The selected subfamilies belong to one or another of the six reported relaxase families (Garcillán-Barcia et al., 2009; Smillie et al., 2010) (Fig. 5) and cover more than 95% of the transmissible gammaproteobacterial plasmids present in GenBank. For instance, the MOBF relaxase family is almost completely represented by two subfamilies, MOBF11 and MOBF12, in the gammaproteobacterial plasmids. MOBF11 includes relaxases of plasmids belonging to Inc groups W, N and P9, while MOBF12 groups relaxases of plasmids of the IncF complex. Similarly, the MOBH1 class includes relaxases encoded by plasmids of several Inc groups (H, T, A/C, P7) as well as ICEs such as R391 and SXT. MOBH2 relaxases are mainly encoded by ICEs (such as PAPI-1 and clc). Several MOBP classes are widely represented in gammaproteobacterial R-plasmids: MOBP11 clusters relaxases of IncP plasmids; MOBP12 corresponds to IncI1, K and B/O; MOBP13 to IncL/M; MOBP14 to relaxases of the mobilizable plasmids of IncQ2/G group; MOBP3, MOBP4, and MOBP6, relaxases of IncX, IncU, and IncI2 plasmids, respectively; and MOBP5, ColE1-like mobilizable plasmids.

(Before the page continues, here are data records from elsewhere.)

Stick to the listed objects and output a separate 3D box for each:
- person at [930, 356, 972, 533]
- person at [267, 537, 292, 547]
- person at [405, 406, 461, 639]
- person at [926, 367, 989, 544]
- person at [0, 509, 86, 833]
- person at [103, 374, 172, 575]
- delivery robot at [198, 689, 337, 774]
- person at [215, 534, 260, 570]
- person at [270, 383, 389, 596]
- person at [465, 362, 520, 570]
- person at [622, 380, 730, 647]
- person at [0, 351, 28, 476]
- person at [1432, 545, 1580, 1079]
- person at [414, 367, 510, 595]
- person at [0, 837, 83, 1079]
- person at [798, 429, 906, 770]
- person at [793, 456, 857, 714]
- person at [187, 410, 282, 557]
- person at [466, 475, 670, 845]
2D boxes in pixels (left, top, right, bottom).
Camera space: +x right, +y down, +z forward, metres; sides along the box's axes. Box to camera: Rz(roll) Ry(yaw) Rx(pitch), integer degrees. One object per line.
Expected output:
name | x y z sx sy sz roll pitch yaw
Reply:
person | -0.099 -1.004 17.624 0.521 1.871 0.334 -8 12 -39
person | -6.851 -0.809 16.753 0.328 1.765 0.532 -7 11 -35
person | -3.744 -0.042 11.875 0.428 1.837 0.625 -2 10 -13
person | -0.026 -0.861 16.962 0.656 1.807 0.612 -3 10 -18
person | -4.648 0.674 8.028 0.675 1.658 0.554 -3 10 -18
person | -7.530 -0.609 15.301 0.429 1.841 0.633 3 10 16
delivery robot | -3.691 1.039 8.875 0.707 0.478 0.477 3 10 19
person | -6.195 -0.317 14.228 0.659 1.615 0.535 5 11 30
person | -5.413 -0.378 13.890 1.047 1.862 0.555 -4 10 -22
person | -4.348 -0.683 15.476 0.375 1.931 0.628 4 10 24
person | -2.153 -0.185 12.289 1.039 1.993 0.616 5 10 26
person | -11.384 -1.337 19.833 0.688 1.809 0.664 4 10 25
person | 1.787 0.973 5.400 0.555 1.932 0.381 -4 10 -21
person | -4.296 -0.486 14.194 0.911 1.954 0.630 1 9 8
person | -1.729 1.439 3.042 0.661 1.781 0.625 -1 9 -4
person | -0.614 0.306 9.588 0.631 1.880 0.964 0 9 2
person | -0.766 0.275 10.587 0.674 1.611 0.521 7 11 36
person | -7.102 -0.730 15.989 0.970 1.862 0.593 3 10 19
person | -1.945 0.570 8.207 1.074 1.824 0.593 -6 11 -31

MOBQ and MOBC families cluster relaxases of gammaproteobacterial plasmids into subfamilies MOBQ1 and MOBC1, which, respectively, include mobilizable plasmids RSF1010 and CloDF13. A more descriptive view of the MOB plasmid classification can be found in Francia et al. (2004), Garcillán-Barcia et al. (2009) and Smillie et al. (2010). As could be expected, analysis of gammaproteobacterial plasmids from genera phylogenetically distant from Enterobacteriaceae can produce a significant proportion of plasmids that could not be adequately classified, as shown by Bertini et al. (2010). Their relaxases fall in as yet badly resolved phylogenetic subfamilies, for example, Qu and Vu (see Table 1). High-throughput plasmid sequencing, which is expected to occur in the next few years, will resolve these uncertainties and result in a more robust and comprehensive plasmid classification.

Figure 5.

 Inc/REP family distribution of gammaproteobacterial plasmids according to relaxase type. Two hundred and sixty-nine relaxases contained in 257 gammaproteobacterial plasmids in the NCBI database (Smillie et al., 2010) were distributed into the six MOB families. The Inc or REP types associated with each MOB family are indicated.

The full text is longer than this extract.